Tuesday, October 27, 2015

Tangled

Lying down inside a machine every day that makes buzzing noises and flashing lights makes you (well…me) think of scientific things…like death rays…or protons and electrons. It’s protons that are being shot into me with their “search and destroy” mission, but electrons are just as interesting. Both of these particles get what scientists call “entangled,” and both of them do what Einstein called “spooky action at a distance.” Don’t you love the language? It’s as if these things know each other really well and can predict what the other will do.

Mikael and Elai started showing their budding “entanglement” at the shower—in the shoe game. They each held a shoe in each hand, one of their own and one of the other person’s (they were both black sneakers, so we had to identify them by the laces), and when Carolyn asked a question like “Who is more romantic?” (Mikael), or “Who is more creative?” (Elai), they had to raise the appropriate shoe. Funny thing was, they answered identically almost every time, right down to the hesitations and the times they raised both shoes. Pretty good for beginners, I’d say. Hope it grows to perfection.

entangling machine!
Like electrons...which can appear in the universe already paired—already married, so to speak. These paired electrons always have opposite spins. If one spins up, the other always spins down, no matter what, because they are mirror images of one another. They are entangled. If you split these entangled (married) particles apart and send them far away from each other, they stay connected somehow. They communicate telepathically, faster than the speed of light, and nothing can travel faster than the speed of light. Einstein called this spooky and tried very hard to disprove it. The experiment that annoyed him goes like this. If you split married electrons and send them down different paths, and you randomly change the spin of one of the electrons, guess what happens to the spin of the other electron? Yes, it will still be the opposite of its pair. You can measure it at the same instance you change the first one, and it will always mirror its fellow, even when there was no time for the change to be communicated. How does it know?

And protons do something similar. If you split a proton in two, sending half of its light to one lab and the other half to another lab, and then you try to detect where the photon traveled, Lab A or Lab B, you’ll always only ever detect one photon. It might be in Lab A or Lab B, but never both. It’s described as a wave traveling to both labs, but when you measure it as a particle in one or the other, you find that photon particle somewhere and the wave collapses in the other lab. It disappears. You only ever find one photon even though the wave went to both labs.  How does that wave know?

Spooky action at a distance and entanglement happens everywhere, as if a God who is One is giving us lessons. In humans, psychologists see it in mirror neurons. That’s what makes you yawn (go ahead) because someone else is yawning. It makes you react when things aren’t happening to you directly. When something happens to someone you love, someone with whom you have been paired or entangled, your neurons fire exactly as theirs fire. You feel their disappointment, their joy, their anger. You react. Oh, I don’t mean you get telepathic messages when someone you love is in trouble (although God prompts you to pray sometimes, and Einstein would call that “spooky”). What I mean is that there are ties between us that surprise us. They make us do strange things like drive to Michigan in the middle of the night or choose the right color dishes on a gift registry. We can predict each other’s actions and be affected by them even over distance.  When a red car door shuts and you hear the engine slowly move away, or you see short brown hair through a bus window and still walk away, all your protons and electrons ache because they are paired with what is moving away.
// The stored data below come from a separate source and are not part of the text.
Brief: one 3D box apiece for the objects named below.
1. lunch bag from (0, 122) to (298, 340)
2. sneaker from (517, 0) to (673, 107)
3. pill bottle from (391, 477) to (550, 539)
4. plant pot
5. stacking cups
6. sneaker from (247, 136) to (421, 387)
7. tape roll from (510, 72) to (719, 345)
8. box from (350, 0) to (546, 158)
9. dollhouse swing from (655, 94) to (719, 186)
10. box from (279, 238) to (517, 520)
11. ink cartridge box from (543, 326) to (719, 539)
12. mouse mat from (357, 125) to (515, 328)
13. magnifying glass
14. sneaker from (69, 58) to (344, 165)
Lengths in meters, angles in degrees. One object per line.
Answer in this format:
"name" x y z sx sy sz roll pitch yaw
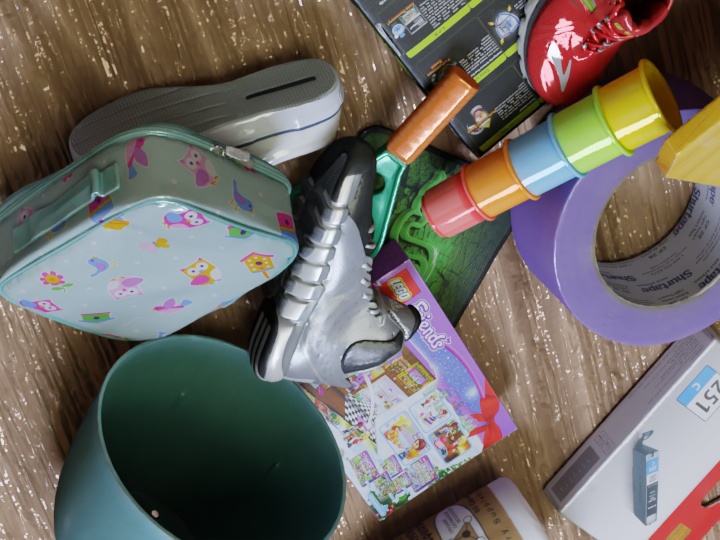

We’re more tied than we think. We’re practicing for the time when we are “One, even as the Father and I are One,” the ultimate entanglement, the source of all “spooky action at a distance.” Marriage, and everything that we do because love “pairs” us, is a preview, a rehearsal. It’s the purpose of all life. Gradually, we should be getting this with every neighbor, though we can’t imagine how that could be possible. Even so, ultimately, we will be playing the shoe game as one body and knowing as we are known. We will “be of one mind.” Finally. We have such a long way to go. But at the end, the wedding will be breath-taking and the pairing finally perfect. Better, even, than electrons.
We should be taking notes and practicing.